Denote $r = \frac{\hat b - \hat m}{\hat m - \hat a}$.

Then choose the shape parameters to be

$\alpha_1 = \frac{4 + 3r + r^2}{1 + r^2}$

and

$\alpha_2 = \frac{1 + 3r + 4r^2}{1 + r^2}$.

This will produce a Generalized Beta distribution with mode $m = \hat m$ and a variance $\text{Var}(X) = \left(\frac{\hat b - \hat a}{6}\right)^2$. Then mean will be $\text{E}[X] = \mu = \frac{\alpha_1 b + \alpha_2 a}{\alpha_1 + \alpha_2}$. [1]

Notice there is no assumption about how the mean depends on $\hat a, \hat m, \hat b$ as would occur as in a common PERT assumption $\mu = \frac{a + 4m + b}{6}$.

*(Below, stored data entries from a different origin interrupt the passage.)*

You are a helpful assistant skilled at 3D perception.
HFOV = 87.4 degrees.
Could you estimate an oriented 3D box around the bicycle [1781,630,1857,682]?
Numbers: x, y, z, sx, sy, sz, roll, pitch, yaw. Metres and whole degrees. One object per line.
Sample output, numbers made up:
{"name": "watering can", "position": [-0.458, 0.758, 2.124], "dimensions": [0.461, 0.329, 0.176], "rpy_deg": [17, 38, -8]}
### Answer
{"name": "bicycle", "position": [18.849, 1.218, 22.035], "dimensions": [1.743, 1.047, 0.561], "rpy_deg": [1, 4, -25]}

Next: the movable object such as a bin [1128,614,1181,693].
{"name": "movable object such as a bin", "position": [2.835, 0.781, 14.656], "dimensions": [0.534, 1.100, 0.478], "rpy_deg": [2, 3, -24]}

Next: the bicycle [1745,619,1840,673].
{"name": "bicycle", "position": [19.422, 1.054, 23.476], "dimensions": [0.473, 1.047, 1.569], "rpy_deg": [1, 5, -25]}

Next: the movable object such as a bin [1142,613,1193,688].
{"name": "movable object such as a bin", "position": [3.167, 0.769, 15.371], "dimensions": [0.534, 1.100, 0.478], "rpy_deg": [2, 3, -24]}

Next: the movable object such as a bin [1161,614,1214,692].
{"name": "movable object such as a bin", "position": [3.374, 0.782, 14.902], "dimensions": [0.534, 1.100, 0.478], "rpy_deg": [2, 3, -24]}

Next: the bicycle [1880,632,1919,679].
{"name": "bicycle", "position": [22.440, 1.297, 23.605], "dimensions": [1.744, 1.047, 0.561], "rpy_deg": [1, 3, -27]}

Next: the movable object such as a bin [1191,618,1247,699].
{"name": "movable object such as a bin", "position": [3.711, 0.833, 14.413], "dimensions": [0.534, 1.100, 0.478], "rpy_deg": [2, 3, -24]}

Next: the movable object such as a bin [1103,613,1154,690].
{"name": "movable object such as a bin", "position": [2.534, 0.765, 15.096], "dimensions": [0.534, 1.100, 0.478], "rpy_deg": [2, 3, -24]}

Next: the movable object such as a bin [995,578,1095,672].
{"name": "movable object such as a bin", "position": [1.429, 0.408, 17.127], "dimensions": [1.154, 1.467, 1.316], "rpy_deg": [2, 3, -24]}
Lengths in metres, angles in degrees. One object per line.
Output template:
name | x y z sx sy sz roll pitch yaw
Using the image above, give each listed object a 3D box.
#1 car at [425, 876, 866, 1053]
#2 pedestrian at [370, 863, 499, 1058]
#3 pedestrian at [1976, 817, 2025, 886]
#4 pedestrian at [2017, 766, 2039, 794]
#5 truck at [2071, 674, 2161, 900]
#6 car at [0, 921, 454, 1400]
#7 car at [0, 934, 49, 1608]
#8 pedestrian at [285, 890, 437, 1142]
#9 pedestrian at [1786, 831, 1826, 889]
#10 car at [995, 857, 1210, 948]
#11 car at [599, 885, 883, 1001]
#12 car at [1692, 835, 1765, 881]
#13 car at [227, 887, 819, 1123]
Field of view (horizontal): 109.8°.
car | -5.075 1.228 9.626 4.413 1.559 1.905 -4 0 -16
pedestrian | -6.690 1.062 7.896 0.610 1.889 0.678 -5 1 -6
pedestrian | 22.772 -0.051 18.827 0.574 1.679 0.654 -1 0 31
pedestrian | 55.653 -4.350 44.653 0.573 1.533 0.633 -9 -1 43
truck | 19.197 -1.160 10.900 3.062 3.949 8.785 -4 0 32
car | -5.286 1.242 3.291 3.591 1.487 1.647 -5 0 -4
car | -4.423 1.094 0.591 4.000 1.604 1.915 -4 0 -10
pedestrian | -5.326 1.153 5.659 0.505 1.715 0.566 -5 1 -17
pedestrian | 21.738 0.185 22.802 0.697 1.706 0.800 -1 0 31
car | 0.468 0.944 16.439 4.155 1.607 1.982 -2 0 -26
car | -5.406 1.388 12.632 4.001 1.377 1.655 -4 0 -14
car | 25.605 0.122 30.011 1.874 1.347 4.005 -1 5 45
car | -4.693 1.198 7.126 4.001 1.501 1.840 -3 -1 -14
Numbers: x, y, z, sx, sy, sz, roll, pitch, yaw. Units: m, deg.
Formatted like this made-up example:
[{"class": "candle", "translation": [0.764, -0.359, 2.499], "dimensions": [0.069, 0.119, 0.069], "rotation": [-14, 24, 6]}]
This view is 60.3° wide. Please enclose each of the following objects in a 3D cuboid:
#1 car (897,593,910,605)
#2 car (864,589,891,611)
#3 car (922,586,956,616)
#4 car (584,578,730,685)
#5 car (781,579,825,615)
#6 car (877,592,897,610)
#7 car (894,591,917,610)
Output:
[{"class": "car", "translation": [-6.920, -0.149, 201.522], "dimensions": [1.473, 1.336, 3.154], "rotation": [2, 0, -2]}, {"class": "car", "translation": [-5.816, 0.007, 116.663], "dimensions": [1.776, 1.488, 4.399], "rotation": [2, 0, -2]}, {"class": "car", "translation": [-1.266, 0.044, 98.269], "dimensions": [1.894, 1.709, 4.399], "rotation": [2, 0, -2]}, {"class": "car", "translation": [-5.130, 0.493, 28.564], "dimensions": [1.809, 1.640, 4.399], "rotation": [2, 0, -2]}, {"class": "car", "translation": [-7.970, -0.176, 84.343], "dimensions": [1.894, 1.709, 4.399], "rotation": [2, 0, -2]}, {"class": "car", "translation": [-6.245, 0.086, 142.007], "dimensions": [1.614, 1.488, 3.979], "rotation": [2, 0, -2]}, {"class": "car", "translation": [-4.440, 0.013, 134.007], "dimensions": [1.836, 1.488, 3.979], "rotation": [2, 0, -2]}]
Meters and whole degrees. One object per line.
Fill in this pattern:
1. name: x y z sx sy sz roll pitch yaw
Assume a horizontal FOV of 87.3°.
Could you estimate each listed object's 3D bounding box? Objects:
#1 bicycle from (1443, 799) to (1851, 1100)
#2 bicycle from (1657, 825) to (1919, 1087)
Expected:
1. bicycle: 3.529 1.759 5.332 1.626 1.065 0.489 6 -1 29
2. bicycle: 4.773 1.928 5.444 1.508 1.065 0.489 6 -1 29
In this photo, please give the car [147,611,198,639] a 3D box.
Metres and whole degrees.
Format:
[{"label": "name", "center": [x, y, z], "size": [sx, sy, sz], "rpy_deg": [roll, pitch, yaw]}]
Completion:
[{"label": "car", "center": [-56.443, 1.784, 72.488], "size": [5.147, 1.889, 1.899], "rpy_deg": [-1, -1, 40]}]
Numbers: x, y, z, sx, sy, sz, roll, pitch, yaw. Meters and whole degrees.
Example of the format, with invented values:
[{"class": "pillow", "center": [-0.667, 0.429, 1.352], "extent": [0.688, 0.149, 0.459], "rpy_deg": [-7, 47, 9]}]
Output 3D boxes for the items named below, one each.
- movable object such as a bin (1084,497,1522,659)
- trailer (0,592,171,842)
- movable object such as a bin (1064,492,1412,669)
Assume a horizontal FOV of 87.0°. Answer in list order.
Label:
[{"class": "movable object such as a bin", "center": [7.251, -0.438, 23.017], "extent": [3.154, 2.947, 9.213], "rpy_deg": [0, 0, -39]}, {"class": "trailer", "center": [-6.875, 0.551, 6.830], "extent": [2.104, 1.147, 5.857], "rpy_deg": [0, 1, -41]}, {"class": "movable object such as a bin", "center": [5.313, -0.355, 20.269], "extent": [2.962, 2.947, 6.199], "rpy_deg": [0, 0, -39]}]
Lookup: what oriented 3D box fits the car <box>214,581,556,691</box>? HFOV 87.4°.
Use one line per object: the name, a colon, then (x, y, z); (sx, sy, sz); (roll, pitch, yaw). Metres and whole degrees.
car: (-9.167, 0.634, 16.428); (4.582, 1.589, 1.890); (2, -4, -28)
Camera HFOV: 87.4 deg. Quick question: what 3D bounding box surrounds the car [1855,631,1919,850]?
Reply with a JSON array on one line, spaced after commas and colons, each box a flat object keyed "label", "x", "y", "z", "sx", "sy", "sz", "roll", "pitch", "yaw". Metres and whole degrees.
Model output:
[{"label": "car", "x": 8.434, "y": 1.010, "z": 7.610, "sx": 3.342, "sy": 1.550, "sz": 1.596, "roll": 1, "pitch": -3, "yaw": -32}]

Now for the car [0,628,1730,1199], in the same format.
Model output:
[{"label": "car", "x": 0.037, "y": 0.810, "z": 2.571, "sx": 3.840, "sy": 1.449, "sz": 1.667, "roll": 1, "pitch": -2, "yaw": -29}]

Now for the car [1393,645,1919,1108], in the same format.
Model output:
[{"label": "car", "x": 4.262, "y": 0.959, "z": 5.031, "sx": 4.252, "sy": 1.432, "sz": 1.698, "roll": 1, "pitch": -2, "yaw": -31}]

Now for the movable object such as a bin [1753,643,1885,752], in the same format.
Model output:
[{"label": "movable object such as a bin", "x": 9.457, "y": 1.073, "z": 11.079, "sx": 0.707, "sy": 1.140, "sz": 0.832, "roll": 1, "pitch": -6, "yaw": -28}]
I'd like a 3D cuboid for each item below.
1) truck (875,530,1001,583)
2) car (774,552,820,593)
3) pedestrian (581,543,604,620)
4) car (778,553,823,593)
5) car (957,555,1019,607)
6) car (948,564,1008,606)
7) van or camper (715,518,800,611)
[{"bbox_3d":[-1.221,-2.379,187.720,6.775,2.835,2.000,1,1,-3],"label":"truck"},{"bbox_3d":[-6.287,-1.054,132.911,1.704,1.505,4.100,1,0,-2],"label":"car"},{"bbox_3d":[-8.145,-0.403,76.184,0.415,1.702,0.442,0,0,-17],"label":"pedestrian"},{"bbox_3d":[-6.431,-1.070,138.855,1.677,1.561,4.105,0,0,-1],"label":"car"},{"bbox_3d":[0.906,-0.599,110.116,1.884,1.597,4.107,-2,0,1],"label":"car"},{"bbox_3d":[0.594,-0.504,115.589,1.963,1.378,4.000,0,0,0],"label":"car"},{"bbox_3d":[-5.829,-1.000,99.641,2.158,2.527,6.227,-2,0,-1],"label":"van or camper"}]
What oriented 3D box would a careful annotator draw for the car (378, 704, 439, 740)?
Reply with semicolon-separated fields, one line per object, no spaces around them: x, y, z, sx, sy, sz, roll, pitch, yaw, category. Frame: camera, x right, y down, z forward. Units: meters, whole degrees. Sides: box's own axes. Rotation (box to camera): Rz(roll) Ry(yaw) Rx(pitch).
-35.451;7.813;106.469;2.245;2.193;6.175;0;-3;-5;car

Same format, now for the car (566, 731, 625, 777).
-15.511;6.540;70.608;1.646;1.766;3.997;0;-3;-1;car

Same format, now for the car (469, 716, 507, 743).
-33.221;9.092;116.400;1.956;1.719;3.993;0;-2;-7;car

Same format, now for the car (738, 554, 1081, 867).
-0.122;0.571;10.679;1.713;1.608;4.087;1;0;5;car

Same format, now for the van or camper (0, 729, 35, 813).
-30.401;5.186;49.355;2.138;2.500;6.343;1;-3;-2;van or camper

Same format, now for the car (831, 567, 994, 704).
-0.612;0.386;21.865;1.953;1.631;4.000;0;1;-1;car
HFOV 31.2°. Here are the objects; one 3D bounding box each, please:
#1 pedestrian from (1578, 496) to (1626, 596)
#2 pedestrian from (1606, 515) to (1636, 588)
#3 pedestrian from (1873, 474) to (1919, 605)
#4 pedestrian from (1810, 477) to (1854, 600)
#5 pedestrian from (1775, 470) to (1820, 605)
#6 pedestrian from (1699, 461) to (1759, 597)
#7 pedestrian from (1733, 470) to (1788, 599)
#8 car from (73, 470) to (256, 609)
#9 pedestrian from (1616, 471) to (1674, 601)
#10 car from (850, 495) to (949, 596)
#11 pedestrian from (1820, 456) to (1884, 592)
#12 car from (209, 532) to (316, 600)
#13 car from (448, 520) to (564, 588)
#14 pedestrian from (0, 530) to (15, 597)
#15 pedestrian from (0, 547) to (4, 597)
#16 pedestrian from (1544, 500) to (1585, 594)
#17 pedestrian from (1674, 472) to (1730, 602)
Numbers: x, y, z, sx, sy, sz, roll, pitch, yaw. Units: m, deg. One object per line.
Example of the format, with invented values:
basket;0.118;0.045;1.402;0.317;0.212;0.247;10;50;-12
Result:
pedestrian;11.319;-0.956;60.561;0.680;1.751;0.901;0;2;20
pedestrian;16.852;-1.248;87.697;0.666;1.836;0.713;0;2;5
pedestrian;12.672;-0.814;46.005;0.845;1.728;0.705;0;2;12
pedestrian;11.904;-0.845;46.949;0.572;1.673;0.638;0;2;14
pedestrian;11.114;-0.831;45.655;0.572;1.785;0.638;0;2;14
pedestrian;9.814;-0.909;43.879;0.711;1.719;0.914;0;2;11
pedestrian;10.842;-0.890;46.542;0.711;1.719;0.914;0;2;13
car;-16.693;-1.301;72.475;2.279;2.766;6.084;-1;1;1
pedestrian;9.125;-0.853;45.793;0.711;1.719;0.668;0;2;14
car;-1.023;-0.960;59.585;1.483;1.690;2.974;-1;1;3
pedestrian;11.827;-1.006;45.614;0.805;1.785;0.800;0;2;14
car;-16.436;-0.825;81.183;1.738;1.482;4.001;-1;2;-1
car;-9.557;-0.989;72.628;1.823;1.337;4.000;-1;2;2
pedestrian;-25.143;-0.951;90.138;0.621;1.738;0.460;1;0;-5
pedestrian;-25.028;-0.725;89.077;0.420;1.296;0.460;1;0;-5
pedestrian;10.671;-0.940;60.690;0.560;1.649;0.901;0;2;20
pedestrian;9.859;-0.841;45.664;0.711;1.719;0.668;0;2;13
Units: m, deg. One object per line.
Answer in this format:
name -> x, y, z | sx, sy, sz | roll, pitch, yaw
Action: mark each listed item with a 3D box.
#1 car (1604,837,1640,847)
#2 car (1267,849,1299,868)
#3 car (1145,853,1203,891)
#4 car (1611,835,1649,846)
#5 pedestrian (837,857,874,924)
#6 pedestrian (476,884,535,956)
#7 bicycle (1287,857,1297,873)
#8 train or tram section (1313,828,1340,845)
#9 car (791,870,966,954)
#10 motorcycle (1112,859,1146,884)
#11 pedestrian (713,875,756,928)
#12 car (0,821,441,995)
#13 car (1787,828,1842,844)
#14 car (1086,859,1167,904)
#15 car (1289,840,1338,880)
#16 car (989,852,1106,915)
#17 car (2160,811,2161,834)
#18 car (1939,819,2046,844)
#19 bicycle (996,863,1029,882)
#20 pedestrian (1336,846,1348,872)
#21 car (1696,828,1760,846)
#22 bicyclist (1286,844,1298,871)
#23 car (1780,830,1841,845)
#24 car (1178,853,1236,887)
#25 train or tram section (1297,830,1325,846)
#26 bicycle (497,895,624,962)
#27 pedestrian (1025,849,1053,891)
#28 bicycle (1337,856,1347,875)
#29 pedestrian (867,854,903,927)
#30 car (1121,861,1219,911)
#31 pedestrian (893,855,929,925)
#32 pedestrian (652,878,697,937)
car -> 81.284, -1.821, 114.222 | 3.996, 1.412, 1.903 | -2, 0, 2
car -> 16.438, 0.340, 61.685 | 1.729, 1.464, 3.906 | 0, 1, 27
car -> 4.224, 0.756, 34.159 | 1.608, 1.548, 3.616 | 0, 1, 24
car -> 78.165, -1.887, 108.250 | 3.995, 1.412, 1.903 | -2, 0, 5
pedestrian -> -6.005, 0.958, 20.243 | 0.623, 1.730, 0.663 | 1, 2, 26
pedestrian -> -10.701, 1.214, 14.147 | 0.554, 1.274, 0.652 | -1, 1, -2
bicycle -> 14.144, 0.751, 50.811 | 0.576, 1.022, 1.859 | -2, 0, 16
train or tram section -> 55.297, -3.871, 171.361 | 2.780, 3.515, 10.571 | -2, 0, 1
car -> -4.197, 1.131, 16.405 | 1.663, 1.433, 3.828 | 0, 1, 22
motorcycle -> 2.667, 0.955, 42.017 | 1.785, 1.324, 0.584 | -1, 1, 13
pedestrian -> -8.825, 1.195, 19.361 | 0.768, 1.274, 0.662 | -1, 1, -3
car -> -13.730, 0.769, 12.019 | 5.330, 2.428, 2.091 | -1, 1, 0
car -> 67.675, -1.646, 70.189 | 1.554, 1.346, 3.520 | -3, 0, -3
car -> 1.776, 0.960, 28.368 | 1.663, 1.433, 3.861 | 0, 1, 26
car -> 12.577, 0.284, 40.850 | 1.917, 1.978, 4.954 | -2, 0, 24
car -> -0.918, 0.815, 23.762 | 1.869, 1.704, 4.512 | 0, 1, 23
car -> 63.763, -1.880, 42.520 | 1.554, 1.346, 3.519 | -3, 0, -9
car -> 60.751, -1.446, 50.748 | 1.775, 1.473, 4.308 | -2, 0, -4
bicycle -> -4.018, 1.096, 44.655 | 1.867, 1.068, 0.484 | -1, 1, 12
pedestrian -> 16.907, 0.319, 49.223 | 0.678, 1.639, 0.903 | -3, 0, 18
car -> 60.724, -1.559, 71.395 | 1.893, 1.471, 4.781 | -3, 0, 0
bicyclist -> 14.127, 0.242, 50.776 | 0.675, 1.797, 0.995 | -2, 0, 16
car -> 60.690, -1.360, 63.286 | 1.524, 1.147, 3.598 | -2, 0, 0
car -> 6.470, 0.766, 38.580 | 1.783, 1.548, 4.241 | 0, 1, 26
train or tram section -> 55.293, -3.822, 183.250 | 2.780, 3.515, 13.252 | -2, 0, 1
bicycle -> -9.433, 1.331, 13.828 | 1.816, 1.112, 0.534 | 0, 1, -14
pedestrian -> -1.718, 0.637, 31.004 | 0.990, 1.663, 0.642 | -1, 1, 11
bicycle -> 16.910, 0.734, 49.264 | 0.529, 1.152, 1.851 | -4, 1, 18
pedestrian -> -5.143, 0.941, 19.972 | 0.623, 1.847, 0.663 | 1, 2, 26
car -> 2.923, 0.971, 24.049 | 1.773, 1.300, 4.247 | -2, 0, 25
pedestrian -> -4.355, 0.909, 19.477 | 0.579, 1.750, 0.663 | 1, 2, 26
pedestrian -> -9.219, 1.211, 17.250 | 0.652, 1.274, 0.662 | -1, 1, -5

If there are concerns the "expert" estimates of $\hat a$ and $\hat b$ are the smallest and largest (respectively) values they've observed, then they aren't the true bounds since $P(X = x)=0$ for continuous random variables. To address this concern, one can do a heuristic expansion.

For example, if the expansion coefficient is 20% ($\theta = 0.20$), and the initial estimate range was $\hat \rho = \hat b - \hat a$, then the new estimated bounds are

$a = \hat a - \frac{\theta \hat \rho - \hat\rho}{2}$

and

$b = \hat b + \frac{\theta \hat \rho - \hat\rho}{2}$.


Update: Someone rightly asked in the comments,

Why constrain the standard deviation to be one-sixth of the range? The problem is under-determined, so there has to be some such constraint if it's to be solved at all, but why that one in particular?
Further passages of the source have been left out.